Наоборот! Во взгляде Феликса, каким он смотрел, читался вызов. Ты, безмозглая, готовая затушить солнце, собираешься уничтожить меня? А я тем временем изучаю тебя, проникаюсь тобой, ненавижу тебя, восхищаюсь тобой, ты уже в моей памяти, и когда ты исчезнешь, лишь я могу воссоздать твой образ. Ты разрушаешь, я созидаю, ты несешь мне смерть, я дарую тебе бессмертие. Нет, мы не равны и никогда не будем равны...
Музыка смолкла. Словно в ответ последнему аккорду, просияло яркое свободное солнце. Черно-огненные тучи внизу стали понемногу рассасываться, то ли выдохлись сами по себе, то ли их наконец одолели метеоустановки. Реалет перестало колыхать, под нами приоткрылась земля, все задвигались, шумно заговорили. Феликс, жмурясь и протирая глаза, прошел к пилотам.
Сколь велика власть наглядного! Стоило небу утихнуть, как рассеялось и ощущение неотвратимой беды. А ведь погодные катаклизмы были далеко не худшим злом, современным поселкам и зданиям они вообще не могли причинить серьезного ущерба. Но, вглядываясь в подступающий к солнцу мрак, вряд ли кто-нибудь из нас думал, скажем, о древних вирусах и микробах, которые, попав в наше время, возможно, несли с собой куда большую угрозу. Эту опасность устраняли где-то там, в тишине лабораторий, она не имела ни вида, ни цвета, редко кто вспоминал о ней. Нас тревожило осязаемое и конкретное. Дымящаяся разломами хроноклазмов земля. Погода. Огневики. Люди прошлого. Потопы. Из морских глубин выныривали "атлантиды", и тогда на побережья обрушивались Цунами. Мобильным постройкам нашего века это опять же мало чем грозило, получив предупреждение, их свертывали и перебрасывали в глубь континента. Но что было делать с бережно хранимыми кварталами старых городов, с архитектурными памятниками Лиссабона и Токио, Бомбея и Нью-Йорка? Участившиеся землетрясения нередко удавалось подавить в зародыше, бури ослабить, но океанским волнам мы могли противопоставить лишь дамбы и силовые поля, которыми нельзя было перекрыть все.

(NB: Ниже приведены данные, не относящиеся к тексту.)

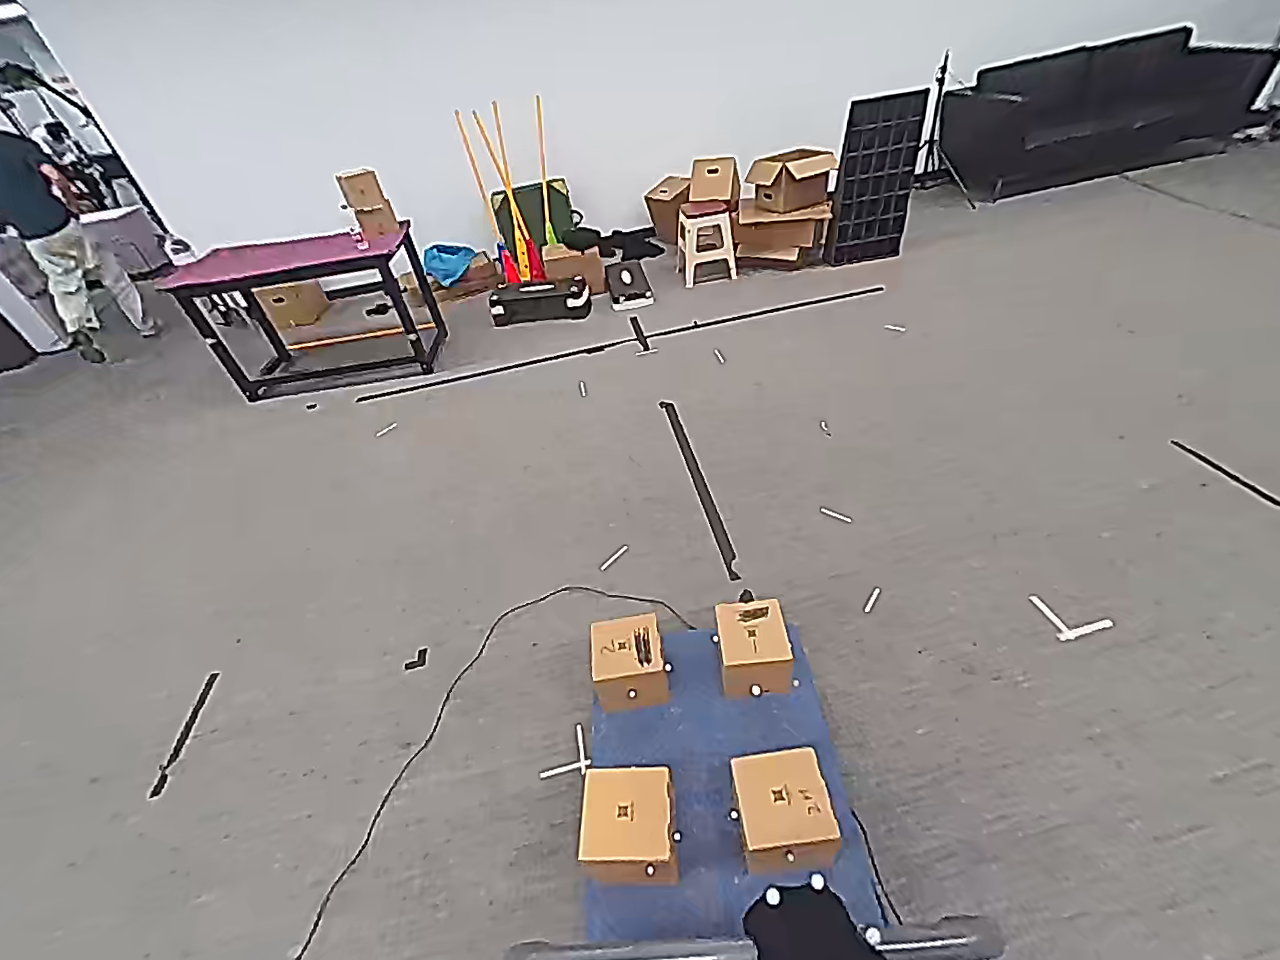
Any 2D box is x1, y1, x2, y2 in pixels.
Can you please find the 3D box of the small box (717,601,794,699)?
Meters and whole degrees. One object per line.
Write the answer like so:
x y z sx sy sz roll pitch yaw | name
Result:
0.289 0.437 1.387 0.168 0.176 0.179 -7 41 4 | small box

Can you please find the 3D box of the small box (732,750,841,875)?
0.291 0.680 1.103 0.179 0.176 0.168 -9 40 1 | small box

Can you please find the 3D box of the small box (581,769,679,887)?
-0.015 0.721 1.118 0.179 0.176 0.168 -4 40 4 | small box
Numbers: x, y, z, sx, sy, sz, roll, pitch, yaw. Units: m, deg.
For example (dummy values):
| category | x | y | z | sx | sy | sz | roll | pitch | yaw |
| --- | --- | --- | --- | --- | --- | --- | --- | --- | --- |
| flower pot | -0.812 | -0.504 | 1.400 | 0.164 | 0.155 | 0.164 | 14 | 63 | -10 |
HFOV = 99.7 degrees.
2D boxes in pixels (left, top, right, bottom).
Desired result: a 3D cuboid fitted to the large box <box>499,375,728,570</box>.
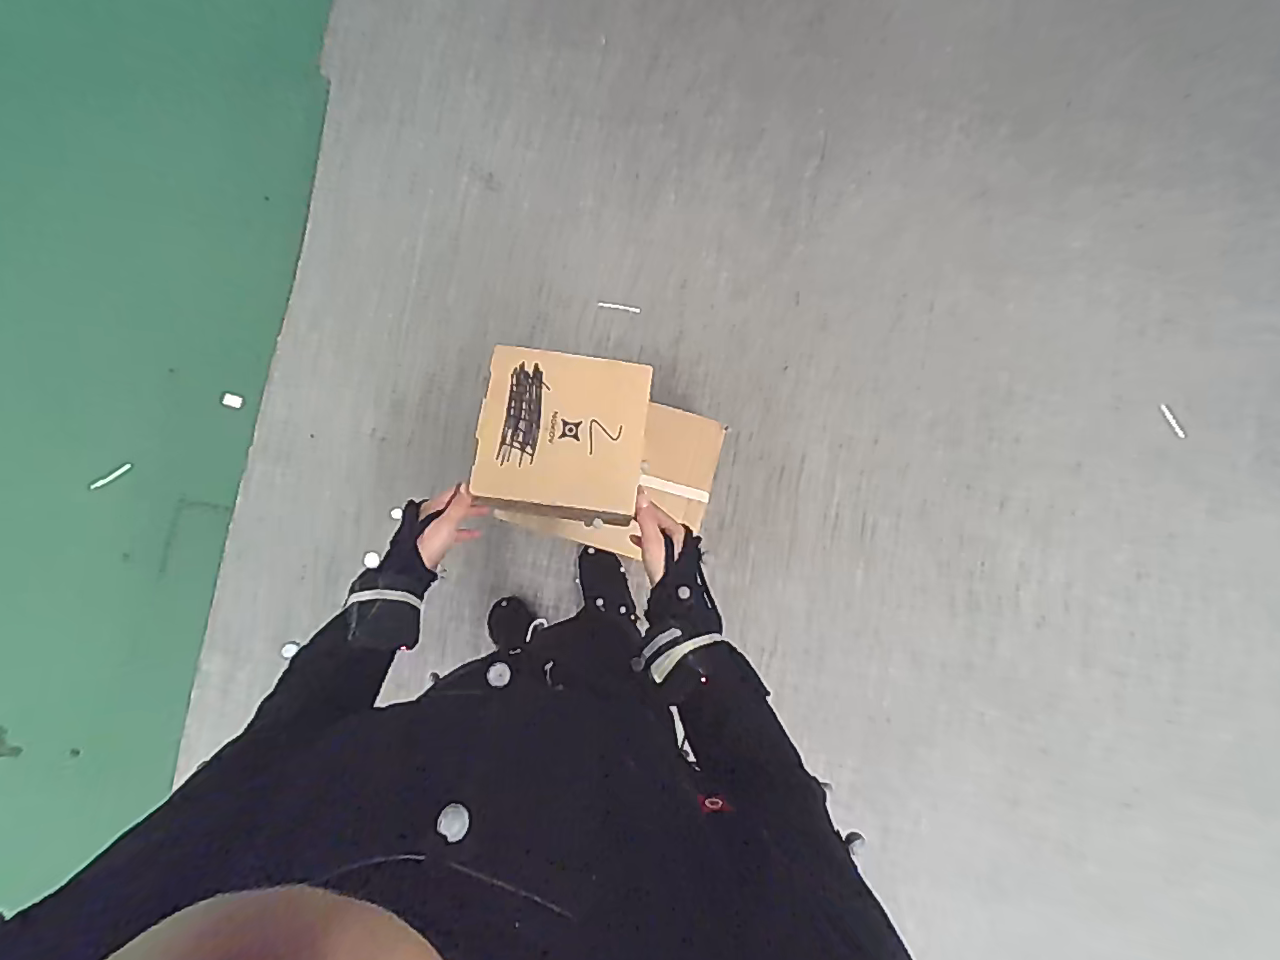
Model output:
| category | x | y | z | sx | sy | sz | roll | pitch | yaw |
| --- | --- | --- | --- | --- | --- | --- | --- | --- | --- |
| large box | -0.054 | -0.009 | 1.224 | 0.408 | 0.320 | 0.320 | 16 | 88 | 1 |

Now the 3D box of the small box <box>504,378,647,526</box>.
| category | x | y | z | sx | sy | sz | roll | pitch | yaw |
| --- | --- | --- | --- | --- | --- | --- | --- | --- | --- |
| small box | -0.088 | -0.034 | 0.821 | 0.168 | 0.176 | 0.179 | 13 | 86 | 0 |
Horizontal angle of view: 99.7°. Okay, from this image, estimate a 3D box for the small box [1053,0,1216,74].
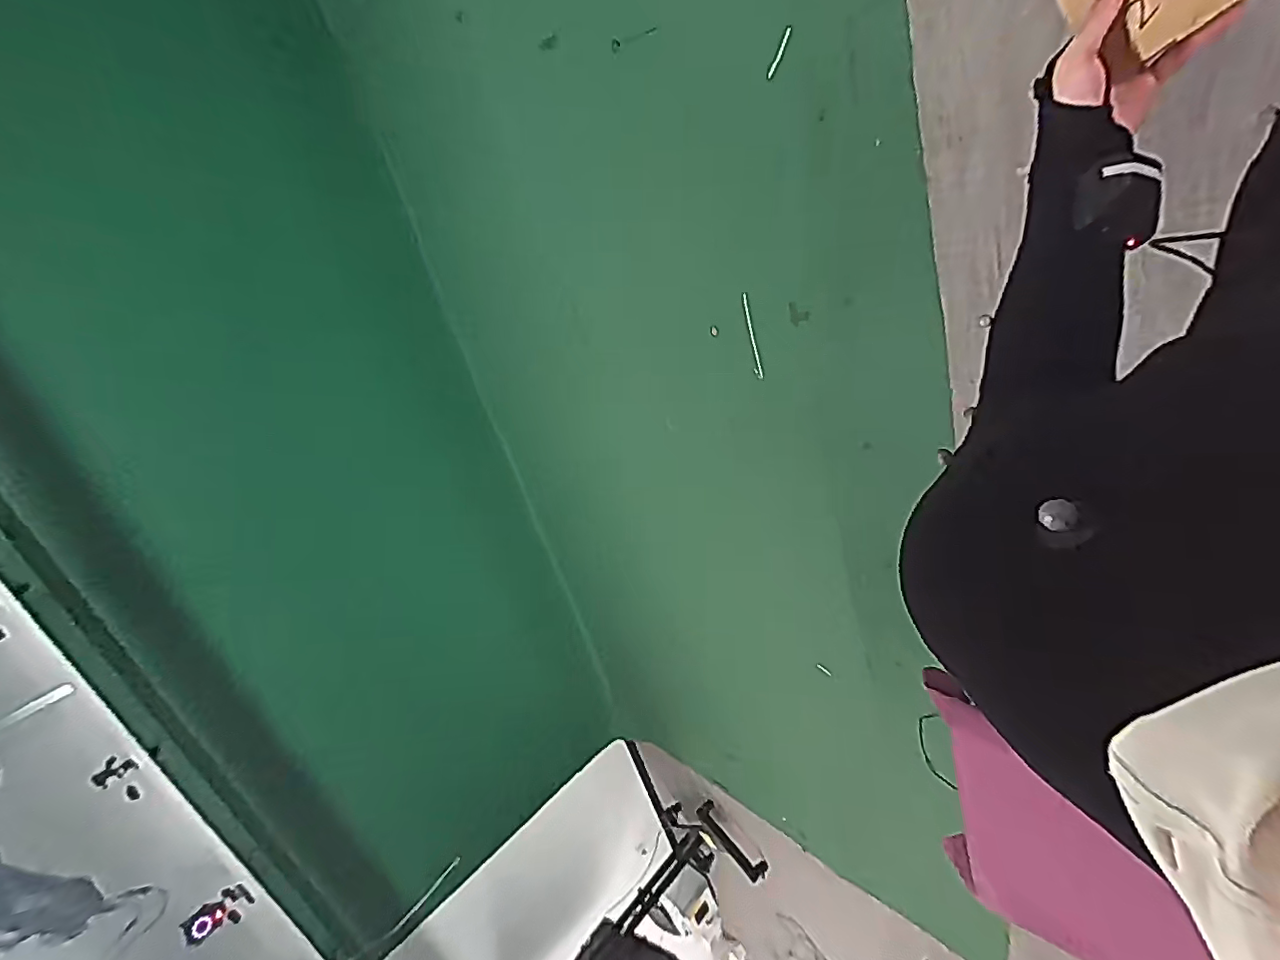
[{"bbox_3d":[0.432,-0.466,0.392,0.179,0.176,0.168,57,179,-6],"label":"small box"}]

Над побережьем, куда наконец вырвалось звено наших реалетов, не оказалось туч, и, пролетая над одним из старых городов, мы все увидели воочию. Все снова притихли, когда эта панорама раскрылась. На земле, в спешке, которая была заметна и с воздуха, машины и люди возводили дамбы, ставили заслоны силовых полей, которые мерцали вдали радужными отливами. В топкой грязи предместий муравьями копошились киберы, над ними мошками вились люди. Город уже подвергся атаке, кое-где вода сверкала прямо на улицах. Простертый от белых зданий набережной простор океана был безмятежен, как в добрые старые времена, но его искрящаяся солнцем гладь в любой час могла вздыбиться, рушась на эти дамбы, на эти здания, на всех, кто этому обвалу противостоял. Люди, конечно, успели бы отлететь, но каково им было бы увидеть мутный водоворот там, где был город, который они не смогли защитить! Нет, что ни говори, наша работа по сравнению с этой была благодатью, хотя и считалось, что именно мы находимся на переднем крае.
Реалет качнуло в крутом развороте, море, кренясь, отвалило назад. Строй грузовых машин в точности повторил маневр.